The Chameleon / JanusFlow design choices, in detail
| Choice | Chameleon (Meta 2024) | JanusFlow (DeepSeek 2024) | Comment |
|---|---|---|---|
| Tokenizer | VQGAN, 8k codes | separate encoders for understanding vs generation | JanusFlow argues understanding wants different features than generation; two tokenizers, one transformer |
| Image vocab vs. text vocab | fully merged into one | separate output heads, shared embedding | shared head is simplest, separate heads ease entropy balancing |
| Decoding for image | fully AR over image tokens | MaskGIT-style parallel | parallel wins on throughput; Chameleon’s AR choice made interleaving simpler at training time |
| Training data | interleaved web docs + image-text pairs | interleaved + reasoning-augmented data | interleaving is what enables “text → reason → image → text” chains at inference |
| Continuous head? | no — pure discrete | yes — FM-style head for generation, AR head for text | JanusFlow’s split is the modern compromise: text discrete (LM), image continuous (flow) within one transformer body |
Why this beats two-tower
- Reasoning can use image content. The model can produce a text chain-of-thought that references what it just “saw” (image tokens earlier in the context) and what it’s about to draw (image tokens later). Two-tower models can’t do this naturally — the vision tower has no read-write access to the LM’s reasoning state.

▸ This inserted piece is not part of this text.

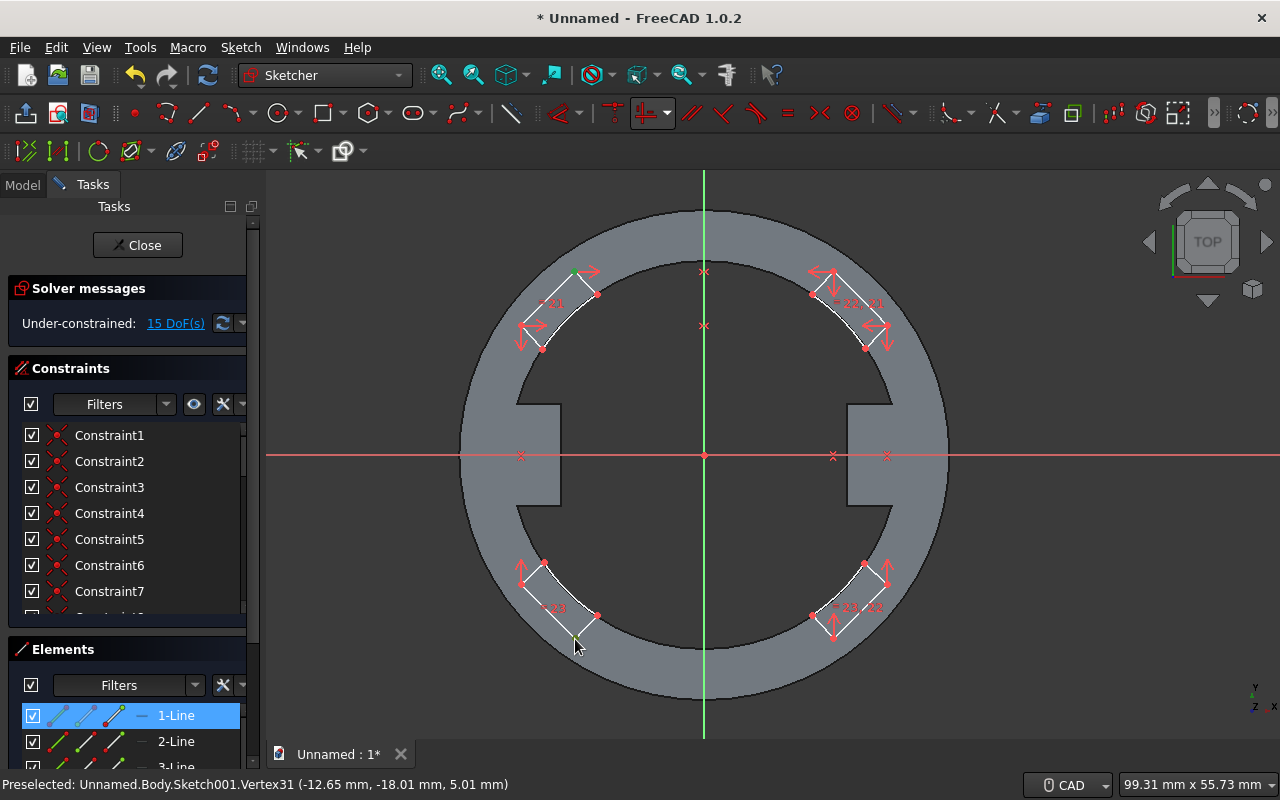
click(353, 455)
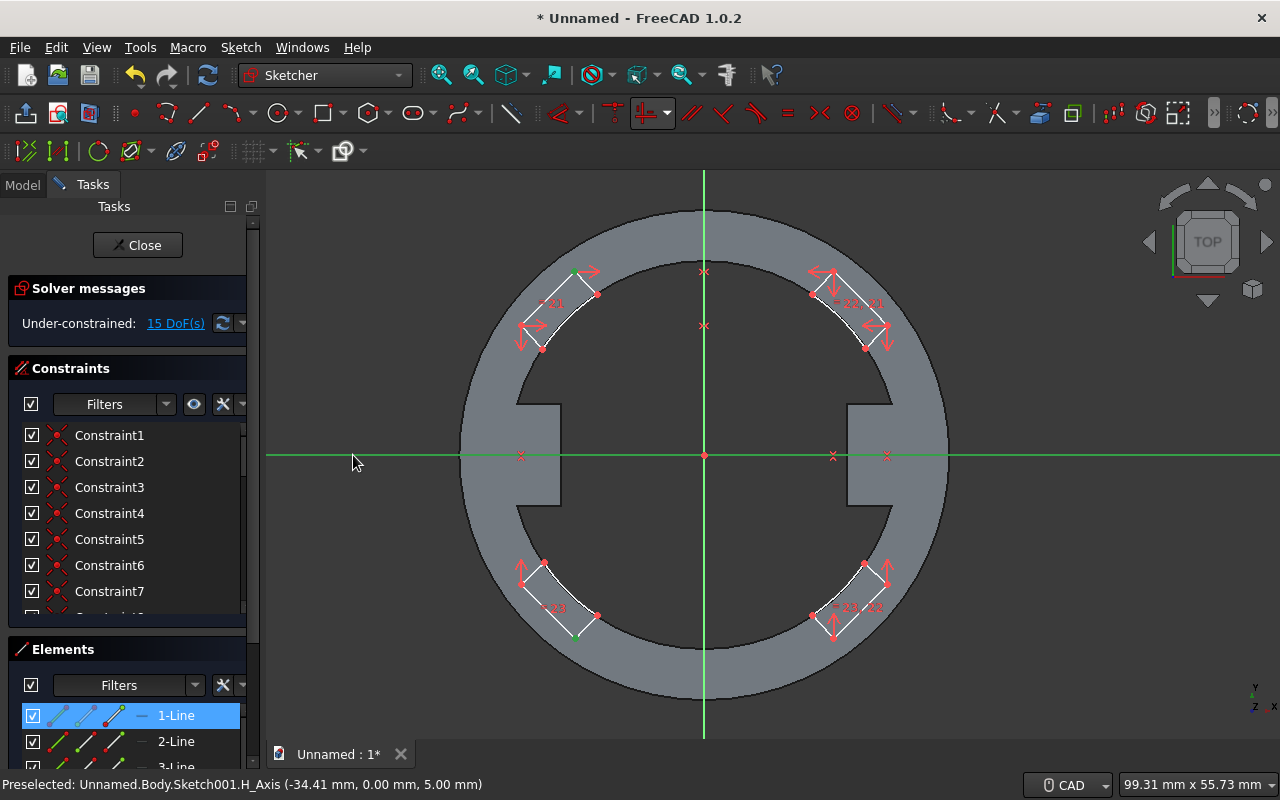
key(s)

- Editing is in-band. “Take this image, replace the cat with a dog” becomes a single sequence: image tokens, instruction text, new image tokens. The model just generates the latter from the former; no separate editing pipeline.

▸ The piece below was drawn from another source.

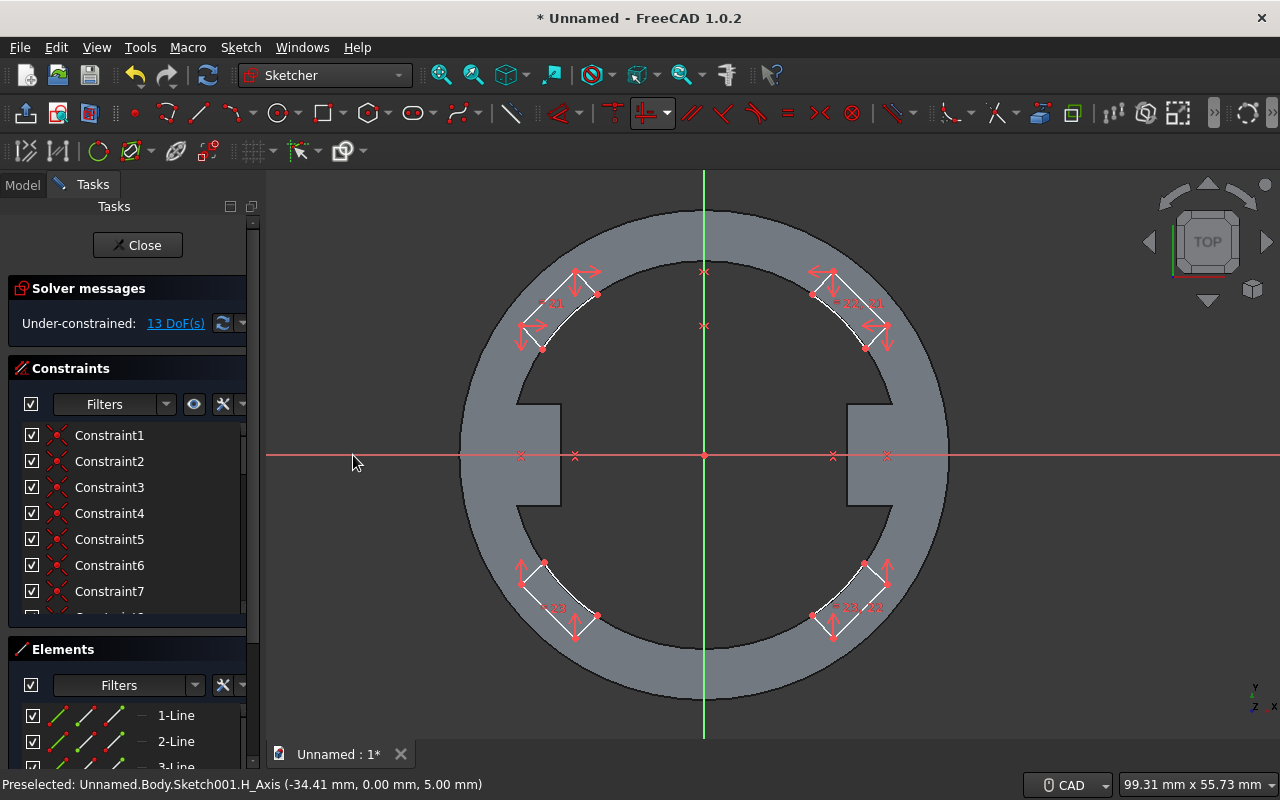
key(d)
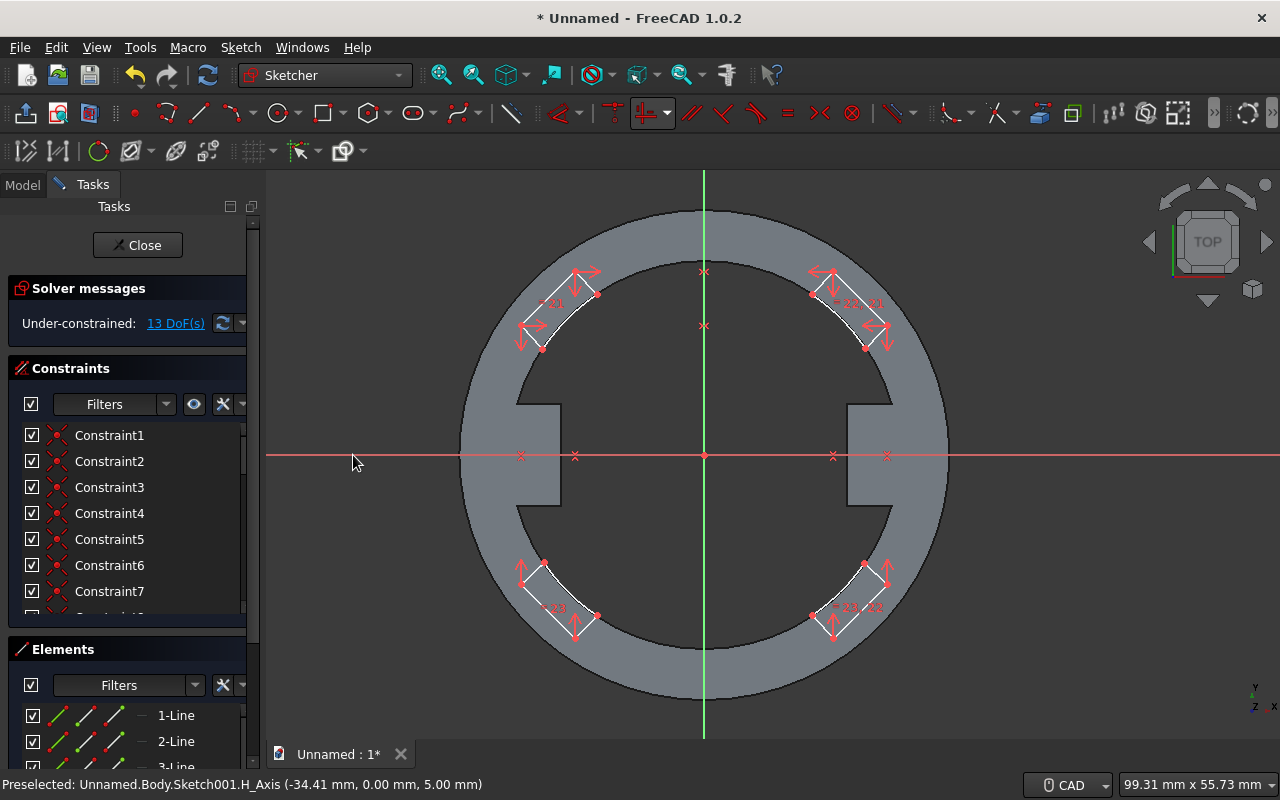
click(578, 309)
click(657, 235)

- Self-supervision composes. Image-to-text and text-to-image are the same objective (next-token prediction) on different orderings of the same data. No need for two heads, two losses, two optimizers.
Trade-offs of full unification
- Output quality vs. specialized diffusion. Frozen-best diffusion (Imagen 3, MJ v7, “Flux.2 Pro”) still beats unified-token AR/parallel on raw image fidelity at matched compute — you traded some quality for the joint-reasoning capability. Pro tiers often hybridize: unified-token model produces a plan and rough latents; a frozen diffusion decoder refines.
- Vocab waste. The image vocab is much larger than necessary if you only ever generate one image per session; you pay embedding-table compute on every text-only turn.
- Training cost. Interleaved data is harder to curate than pure text or pure image-caption pairs. Most companies spend significant infra on the interleaved-data pipeline.
Where this sits in the series
This lesson built the substrate: a transformer that thinks in text and image tokens at once. Lesson 14 builds the capability on top: the chain-of-thought style reasoning that Nano Banana Pro and the GPT-Image-2 family ship with, and why that’s a qualitative change from prompt-rewriting tricks. Lesson 15 covers the alternative architecture — LLM-conditioned diffusion — that you’d pick if you don’t want to commit to the unified-token route.